Механистическое объяснение постепенно отступит перед математической очевидностью, и в 1900 г. Макс Планк сформулирует квантовую теорию, этот математический факт, никакому объяснению не подвластный. После этого, как указывал сэр Артур Эддингтон, «всякий подлинный закон природы получил серьезные шансы показаться здравомыслящему человеку иррациональным». [39] Вспоминаются эйнштейновские часы и рейки: пружинные или песочные часы, привязанные к движущейся системе, идут в ином по сравнению с неподвижными часами ритме. Рейка-эталон (деревянная, металлическая или веревочная), привязанная к движущейся системе, меняет свою длину в зависимости от скорости системы […]. Зритель, перемещающийся одновременно с системой, никаких изменений не заметит, но зритель, который неподвижен по отношению к ней, констатирует отставание часов и сжатие рейки. Это необыкновенное поведение движущихся часов и реек связано с постоянным явлением света.
Принять эти факты было затруднительно, ибо они шли вразрез не только с накопленными предпосылками научного знания, но в равной степени с наиболее влиятельными философскими и идеологическими системами.
Нетрудно понять, почему эйнштейновская теория оказалась под запретом и почему усилия по ее простому и понятному самой широкой публике изложению были так редки, почему, как писал великий физик в 1948 г., «познания в данной области были открыты узкому кругу посвященных, и в людях уничтожали философский дух, принуждая их к тяжелейшей духовной бедности». Напомнив, «что научной истины не существует», Эйнштейн в самом разгаре эпохи инженеров вернул актуальность тому, что поэты и мистики XV века — например Николай Кузанский — называли docte ignorance [40] Ученое незнание (лат.). — Прим. пер.
то есть допущению незнания, а главное, не-видения, которое обеспечивает любому исследованию его исходный контекст, prime ignorance . [41] Исходное незнание (лат.). — Прим. пер.
В это же самое время мнимая беспристрастность объектива казалась надежной защитой от целого образного арсенала, приобретшего власть повсеместности, всевидение Бога иудео-христианской традиции.
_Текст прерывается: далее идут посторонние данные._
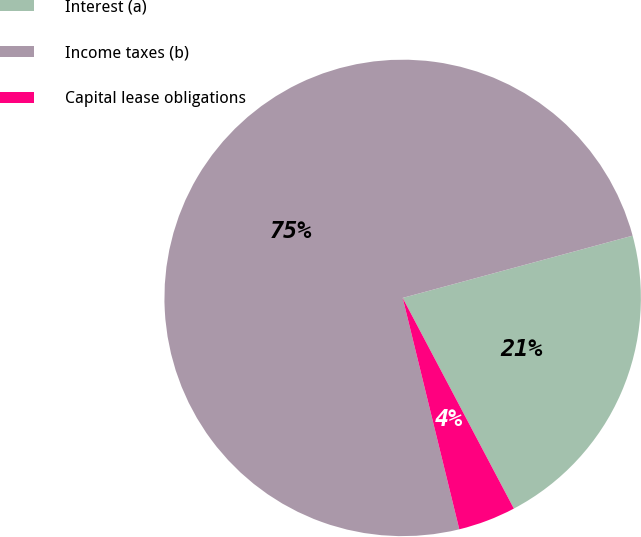Convert chart to OTSL. <chart><loc_0><loc_0><loc_500><loc_500><pie_chart><fcel>Interest (a)<fcel>Income taxes (b)<fcel>Capital lease obligations<nl><fcel>21.48%<fcel>74.62%<fcel>3.91%<nl></chart>

Можно было ожидать раскрытия фундаментального строения бытия в его тотальности (Хабермас), этого окончательного прощания с фанатизмом всякого верования и религиозной веры, которая стала бы в таком случае не более чем расплывчатым частным понятием.
Беньямин торжествует: «Фотография подготавливает целительное отчуждение между человеком и его окружением, открывая свободное поле, в котором всякая близость уступает место точному отражению деталей». [42] См. несколько отличающийся русский перевод этого высказывания из «Краткой истории фотографии»: Беньямин В. Произведение искусства в эпоху его технической воспроизводимости. М.: Медиум, 1996. С. 83. — Прим. пер.
Этим свободным полем является реклама, властвующая в пропаганде и маркетинге, технологический гибрид, в пределах которого зритель приобретает наименьшее сопротивление фатическому образу.
Признание того, что сущность невидима человеческому глазу, что все есть иллюзия и что научная теория, как и искусство, есть не что иное, как манипуляция нашими иллюзиями, противоречило политико-философским дискурсам, развивавшимся с потребностью в завоевании как можно большего числа людей, с претензией на непогрешимость и с явной склонностью к идеологическому шарлатанству. Предать огласке формирование ментальных образов, открыть их психофизиологические аспекты — носители их зыбкости и ограниченности — значило бы нарушить государственную тайну, вполне сопоставимую с военной, ибо она окутывает манипуляцию массами, внешне непогрешимую.
Это делает понятнее тот путь, каким множество мыслителей материалистического направления осмотрительно переходят, подобно Лакану, от образа к языку, к языковому бытию, которое почти на полвека занимает интеллектуальную сцену, и защищают его, как укрепленный город, запрещая всякую концептуальную открытость при поддержке фрейдо-марксистских сентенций и семиологических диатриб.
Теперь, когда зло свершилось, немного позабылись беспощадные конфликты вокруг различных форм репрезентации в нацистской Германии, СССР, а также в Великобритании и США.
Тем не менее, чтобы раскрыть его механику, достаточно прочесть воспоминания Энтони Бланта — маленькую, но показательную книгу, недавно вышедшую во Франции благодаря Кристиану Бургуа. Признанный эксперт в области искусства, его преподаватель и просто ценитель, дальний родственник английской королевы, Блант был также одним из самых примечательных тайных агентов XX века, состоявшим на службе у Советов. Политические пристрастия шли у него рука об руку с эволюцией эстетических вкусов, с его представлением об изобразительных системах.